◆ WORK TO COMPLETE: Word for word, repeat each record that follows.
[[ THE DATA, beginning ]]
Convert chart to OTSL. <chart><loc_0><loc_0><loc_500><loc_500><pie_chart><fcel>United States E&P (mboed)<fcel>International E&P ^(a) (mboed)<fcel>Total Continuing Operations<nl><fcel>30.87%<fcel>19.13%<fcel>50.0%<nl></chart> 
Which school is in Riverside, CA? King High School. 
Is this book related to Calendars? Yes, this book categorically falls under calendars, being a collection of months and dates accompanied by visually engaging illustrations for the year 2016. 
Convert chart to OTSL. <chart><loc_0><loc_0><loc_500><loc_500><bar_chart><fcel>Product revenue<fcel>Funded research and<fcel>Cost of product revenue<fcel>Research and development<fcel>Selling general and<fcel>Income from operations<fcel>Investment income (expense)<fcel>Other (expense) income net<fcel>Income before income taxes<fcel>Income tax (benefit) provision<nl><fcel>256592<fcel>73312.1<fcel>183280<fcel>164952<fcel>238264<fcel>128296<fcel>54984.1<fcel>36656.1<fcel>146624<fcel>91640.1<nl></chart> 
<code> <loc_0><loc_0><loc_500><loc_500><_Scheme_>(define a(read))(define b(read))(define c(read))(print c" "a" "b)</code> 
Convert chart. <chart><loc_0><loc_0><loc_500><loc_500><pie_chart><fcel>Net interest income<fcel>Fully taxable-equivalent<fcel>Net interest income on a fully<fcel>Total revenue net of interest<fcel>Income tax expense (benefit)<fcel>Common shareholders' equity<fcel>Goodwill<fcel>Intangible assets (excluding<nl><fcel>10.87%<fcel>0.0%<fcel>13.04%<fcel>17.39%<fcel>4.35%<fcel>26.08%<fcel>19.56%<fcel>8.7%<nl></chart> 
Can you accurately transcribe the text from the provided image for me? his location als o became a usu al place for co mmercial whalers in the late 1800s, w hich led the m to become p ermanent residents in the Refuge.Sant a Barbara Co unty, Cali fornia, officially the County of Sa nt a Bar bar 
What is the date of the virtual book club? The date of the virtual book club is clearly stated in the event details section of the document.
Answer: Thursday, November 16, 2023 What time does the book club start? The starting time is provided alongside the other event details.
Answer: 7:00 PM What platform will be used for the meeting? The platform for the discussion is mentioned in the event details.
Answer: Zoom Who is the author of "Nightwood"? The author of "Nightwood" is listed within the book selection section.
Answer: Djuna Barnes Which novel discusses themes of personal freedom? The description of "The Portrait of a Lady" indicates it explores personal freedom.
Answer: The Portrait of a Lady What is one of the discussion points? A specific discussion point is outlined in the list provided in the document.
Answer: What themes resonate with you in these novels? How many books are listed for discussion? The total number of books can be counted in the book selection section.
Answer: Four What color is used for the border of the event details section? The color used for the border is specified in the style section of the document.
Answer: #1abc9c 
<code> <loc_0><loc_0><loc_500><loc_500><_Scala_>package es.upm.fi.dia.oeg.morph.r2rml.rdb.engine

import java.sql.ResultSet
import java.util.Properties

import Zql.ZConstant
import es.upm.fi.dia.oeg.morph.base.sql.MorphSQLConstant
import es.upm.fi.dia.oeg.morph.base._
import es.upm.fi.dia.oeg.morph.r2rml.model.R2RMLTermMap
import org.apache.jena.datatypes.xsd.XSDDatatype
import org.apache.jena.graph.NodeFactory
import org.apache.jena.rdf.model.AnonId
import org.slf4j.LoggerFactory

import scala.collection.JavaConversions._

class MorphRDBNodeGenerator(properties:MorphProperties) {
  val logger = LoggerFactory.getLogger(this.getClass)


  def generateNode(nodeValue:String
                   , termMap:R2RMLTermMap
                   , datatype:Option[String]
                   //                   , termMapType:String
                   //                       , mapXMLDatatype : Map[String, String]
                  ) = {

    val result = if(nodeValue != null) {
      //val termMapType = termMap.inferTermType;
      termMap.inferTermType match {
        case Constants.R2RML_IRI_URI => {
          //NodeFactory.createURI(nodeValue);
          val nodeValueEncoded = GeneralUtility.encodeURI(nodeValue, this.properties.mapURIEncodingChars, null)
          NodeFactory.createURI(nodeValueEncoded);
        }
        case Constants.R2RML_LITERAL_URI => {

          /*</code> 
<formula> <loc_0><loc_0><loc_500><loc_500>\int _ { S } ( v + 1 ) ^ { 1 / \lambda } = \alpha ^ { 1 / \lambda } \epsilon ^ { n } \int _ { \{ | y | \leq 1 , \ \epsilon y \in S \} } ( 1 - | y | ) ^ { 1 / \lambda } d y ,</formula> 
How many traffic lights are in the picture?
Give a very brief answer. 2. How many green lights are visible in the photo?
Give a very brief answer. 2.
[[ THE DATA, end ]]
◆ EXERCISE RESPONSE:
Convert chart to OTSL. <chart><loc_0><loc_0><loc_500><loc_500><pie_chart><fcel>United States E&P (mboed)<fcel>International E&P ^(a) (mboed)<fcel>Total Continuing Operations<nl><fcel>30.87%<fcel>19.13%<fcel>50.0%<nl></chart> 
Which school is in Riverside, CA? King High School. 
Is this book related to Calendars? Yes, this book categorically falls under calendars, being a collection of months and dates accompanied by visually engaging illustrations for the year 2016. 
Convert chart to OTSL. <chart><loc_0><loc_0><loc_500><loc_500><bar_chart><fcel>Product revenue<fcel>Funded research and<fcel>Cost of product revenue<fcel>Research and development<fcel>Selling general and<fcel>Income from operations<fcel>Investment income (expense)<fcel>Other (expense) income net<fcel>Income before income taxes<fcel>Income tax (benefit) provision<nl><fcel>256592<fcel>73312.1<fcel>183280<fcel>164952<fcel>238264<fcel>128296<fcel>54984.1<fcel>36656.1<fcel>146624<fcel>91640.1<nl></chart> 
<code> <loc_0><loc_0><loc_500><loc_500><_Scheme_>(define a(read))(define b(read))(define c(read))(print c" "a" "b)</code> 
Convert chart. <chart><loc_0><loc_0><loc_500><loc_500><pie_chart><fcel>Net interest income<fcel>Fully taxable-equivalent<fcel>Net interest income on a fully<fcel>Total revenue net of interest<fcel>Income tax expense (benefit)<fcel>Common shareholders' equity<fcel>Goodwill<fcel>Intangible assets (excluding<nl><fcel>10.87%<fcel>0.0%<fcel>13.04%<fcel>17.39%<fcel>4.35%<fcel>26.08%<fcel>19.56%<fcel>8.7%<nl></chart> 
Can you accurately transcribe the text from the provided image for me? his location als o became a usu al place for co mmercial whalers in the late 1800s, w hich led the m to become p ermanent residents in the Refuge.Sant a Barbara Co unty, Cali fornia, officially the County of Sa nt a Bar bar 
What is the date of the virtual book club? The date of the virtual book club is clearly stated in the event details section of the document.
Answer: Thursday, November 16, 2023 What time does the book club start? The starting time is provided alongside the other event details.
Answer: 7:00 PM What platform will be used for the meeting? The platform for the discussion is mentioned in the event details.
Answer: Zoom Who is the author of "Nightwood"? The author of "Nightwood" is listed within the book selection section.
Answer: Djuna Barnes Which novel discusses themes of personal freedom? The description of "The Portrait of a Lady" indicates it explores personal freedom.
Answer: The Portrait of a Lady What is one of the discussion points? A specific discussion point is outlined in the list provided in the document.
Answer: What themes resonate with you in these novels? How many books are listed for discussion? The total number of books can be counted in the book selection section.
Answer: Four What color is used for the border of the event details section? The color used for the border is specified in the style section of the document.
Answer: #1abc9c 
<code> <loc_0><loc_0><loc_500><loc_500><_Scala_>package es.upm.fi.dia.oeg.morph.r2rml.rdb.engine

import java.sql.ResultSet
import java.util.Properties

import Zql.ZConstant
import es.upm.fi.dia.oeg.morph.base.sql.MorphSQLConstant
import es.upm.fi.dia.oeg.morph.base._
import es.upm.fi.dia.oeg.morph.r2rml.model.R2RMLTermMap
import org.apache.jena.datatypes.xsd.XSDDatatype
import org.apache.jena.graph.NodeFactory
import org.apache.jena.rdf.model.AnonId
import org.slf4j.LoggerFactory

import scala.collection.JavaConversions._

class MorphRDBNodeGenerator(properties:MorphProperties) {
  val logger = LoggerFactory.getLogger(this.getClass)


  def generateNode(nodeValue:String
                   , termMap:R2RMLTermMap
                   , datatype:Option[String]
                   //                   , termMapType:String
                   //                       , mapXMLDatatype : Map[String, String]
                  ) = {

    val result = if(nodeValue != null) {
      //val termMapType = termMap.inferTermType;
      termMap.inferTermType match {
        case Constants.R2RML_IRI_URI => {
          //NodeFactory.createURI(nodeValue);
          val nodeValueEncoded = GeneralUtility.encodeURI(nodeValue, this.properties.mapURIEncodingChars, null)
          NodeFactory.createURI(nodeValueEncoded);
        }
        case Constants.R2RML_LITERAL_URI => {

          /*</code> 
<formula> <loc_0><loc_0><loc_500><loc_500>\int _ { S } ( v + 1 ) ^ { 1 / \lambda } = \alpha ^ { 1 / \lambda } \epsilon ^ { n } \int _ { \{ | y | \leq 1 , \ \epsilon y \in S \} } ( 1 - | y | ) ^ { 1 / \lambda } d y ,</formula> 
How many traffic lights are in the picture?
Give a very brief answer. 2. How many green lights are visible in the photo?
Give a very brief answer. 2.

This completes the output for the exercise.